Czibula Gabriela, Albu Alexandra-Ioana, Bocicor Maria Iuliana, Chira Camelia
Department of Computer Science, Babeş-Bolyai University, 400084 Cluj-Napoca, Romania.
Entropy (Basel). 2021 May 21;23(6):643. doi: 10.3390/e23060643.
Proteins are essential molecules, that must correctly perform their roles for the good health of living organisms. The majority of proteins operate in complexes and the way they interact has pivotal influence on the proper functioning of such organisms. In this study we address the problem of protein-protein interaction and we propose and investigate a method based on the use of an ensemble of autoencoders. Our approach, entitled AutoPPI, adopts a strategy based on two autoencoders, one for each type of interactions (positive and negative) and we advance three types of neural network architectures for the autoencoders. Experiments were performed on several data sets comprising proteins from four different species. The results indicate good performances of our proposed model, with accuracy and AUC values of over 0.97 in all cases. The best performing model relies on a Siamese architecture in both the encoder and the decoder, which advantageously captures common features in protein pairs. Comparisons with other machine learning techniques applied for the same problem prove that AutoPPI outperforms most of its contenders, for the considered data sets.
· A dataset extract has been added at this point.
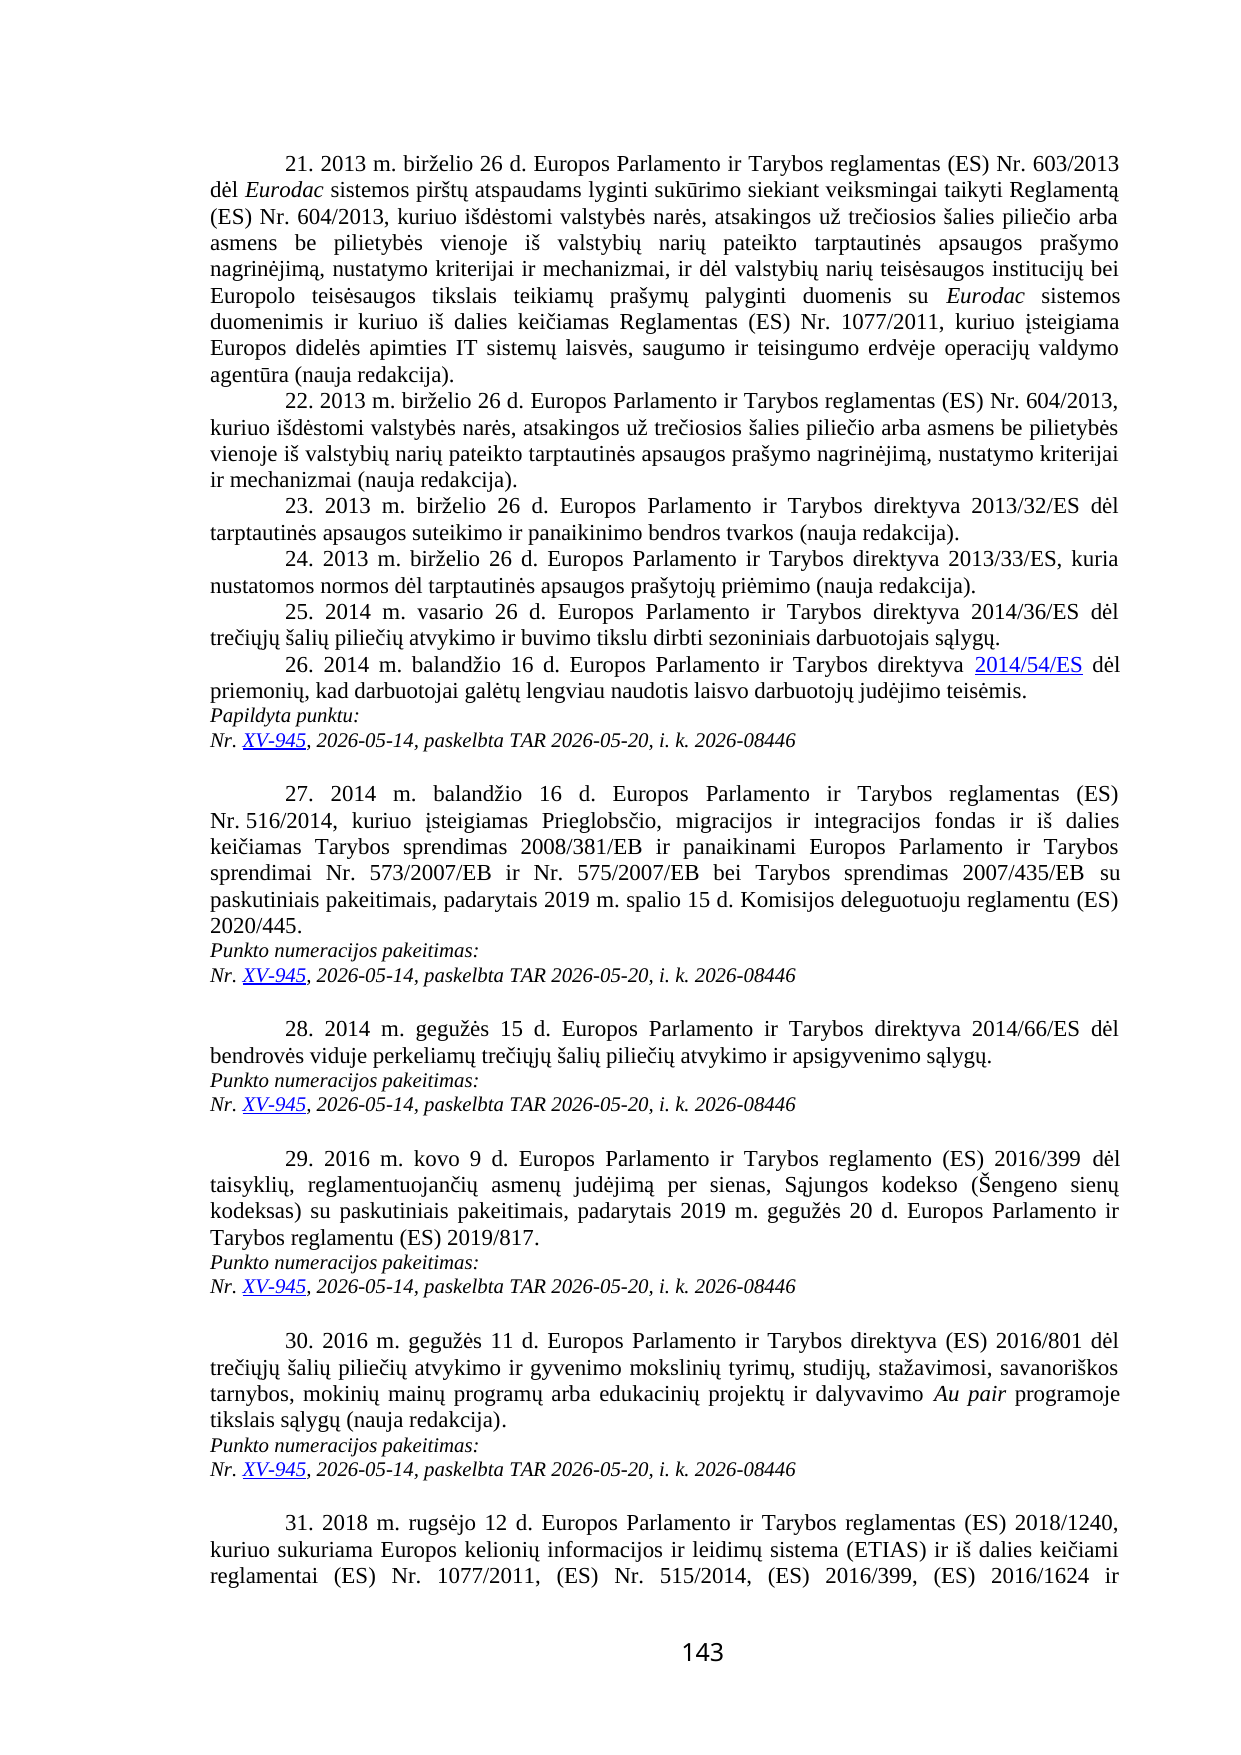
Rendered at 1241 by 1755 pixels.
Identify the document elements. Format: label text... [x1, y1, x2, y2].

蛋白质是必不可少的分子,它们必须正确履行其职责才能确保生物体的健康。大多数蛋白质以复合物的形式发挥作用,它们的相互作用方式对这些生物体的正常功能有着至关重要的影响。在本研究中,我们探讨了蛋白质-蛋白质相互作用的问题,并提出并研究了一种基于使用自动编码器集成的方法。我们的方法名为AutoPPI,采用基于两个自动编码器的策略,每个自动编码器用于一种类型的相互作用(正相互作用和负相互作用),并且我们为自动编码器提出了三种类型的神经网络架构。我们在包含来自四个不同物种的蛋白质的几个数据集上进行了实验。结果表明,我们提出的模型具有良好的性能,在所有情况下准确率和AUC值均超过0.97。性能最佳的模型在编码器和解码器中都依赖于连体架构,该架构有利地捕获了蛋白质对中的共同特征。与应用于同一问题的其他机器学习技术的比较证明,对于所考虑的数据集,AutoPPI优于大多数竞争对手。